Wednesday, December 16, 2015

It's beginning to feel a lot like Christmas?

It's amazing what routine does for making it feel like Christmas. And this year routine has been thrown out the window. It's Christmas in a new house. It's different. And I have struggled the last few weeks to get that "Christmas feeling".  I decorated a few weeks ago. Our tree has been up for a couple weeks. Music and movies have been playing. But nothing. Only in the last couple days have I felt like I am kind of getting into the Christmas spirit.

Maybe it was the lack of snow, and now that we had a couple days of frost covering everything it feels more like Christmas. But I really think a lot of it is that we are in a new house. Routine is super important, especially when it comes to Christmas apparently! Decorating a new house just feels different. The decorations don't go in the same spots so it looks different.
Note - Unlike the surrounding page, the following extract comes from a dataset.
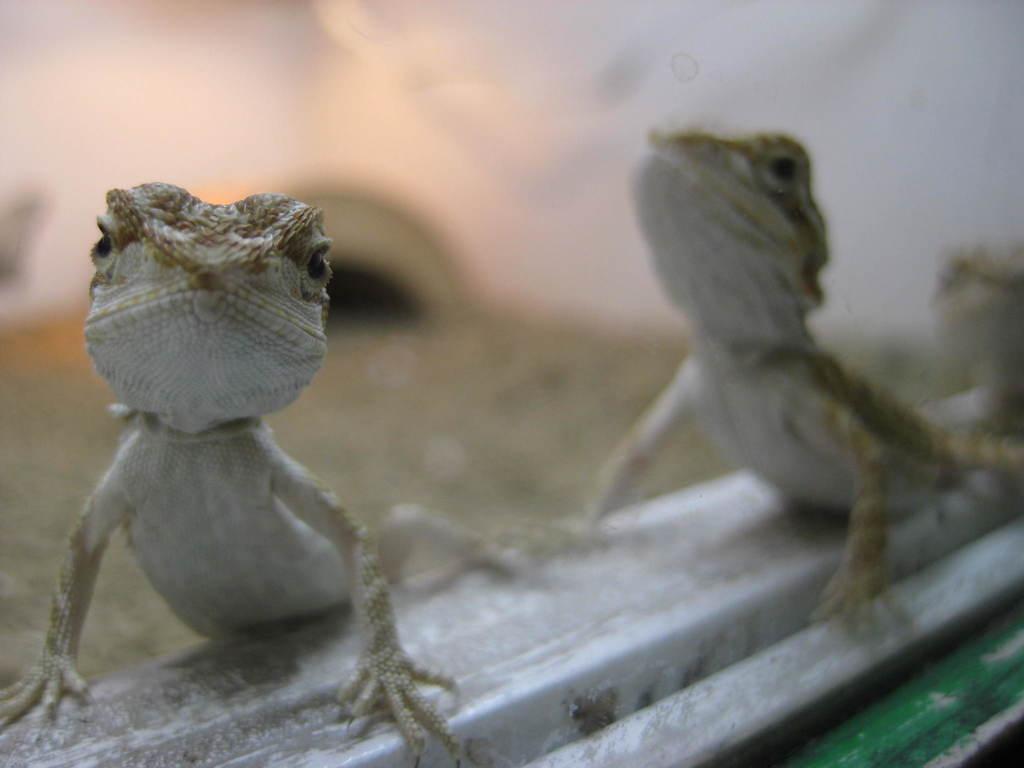In one or two sentences, can you explain what this image depicts? In the picture I can see lizards. The background of the image is blurred. 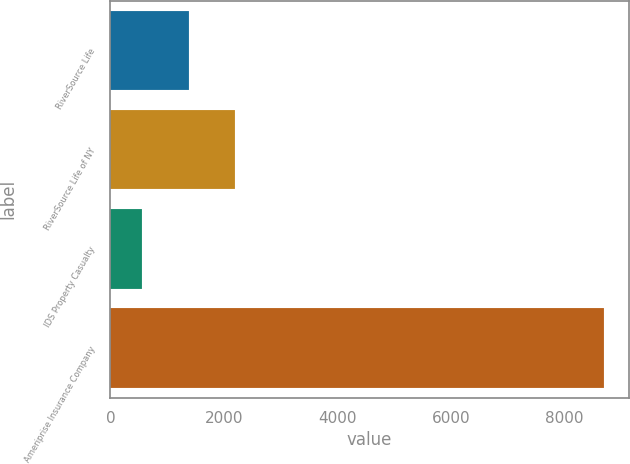Convert chart. <chart><loc_0><loc_0><loc_500><loc_500><bar_chart><fcel>RiverSource Life<fcel>RiverSource Life of NY<fcel>IDS Property Casualty<fcel>Ameriprise Insurance Company<nl><fcel>1376.8<fcel>2190.6<fcel>563<fcel>8701<nl></chart>

The town is new so there is different things they do for Christmas, and things they don't do that we really enjoyed in Sexsmith. It makes it feel different. I don't exactly know what made it change the last couple days, but it feels different, like something just clicked. It just feels like Christmas all of the sudden. But I am thankful that it did. Because I have enjoyed these last couple days. I've loved the time with my kids. And I know that future Christmas's here will start to feel routine. It's just a matter of time.

Tuesday, November 17, 2015

28 weeks later....

This blog has been rolling around in my head for a while. Surprisingly, or maybe not, this is the first time I have had a chance to write one like this.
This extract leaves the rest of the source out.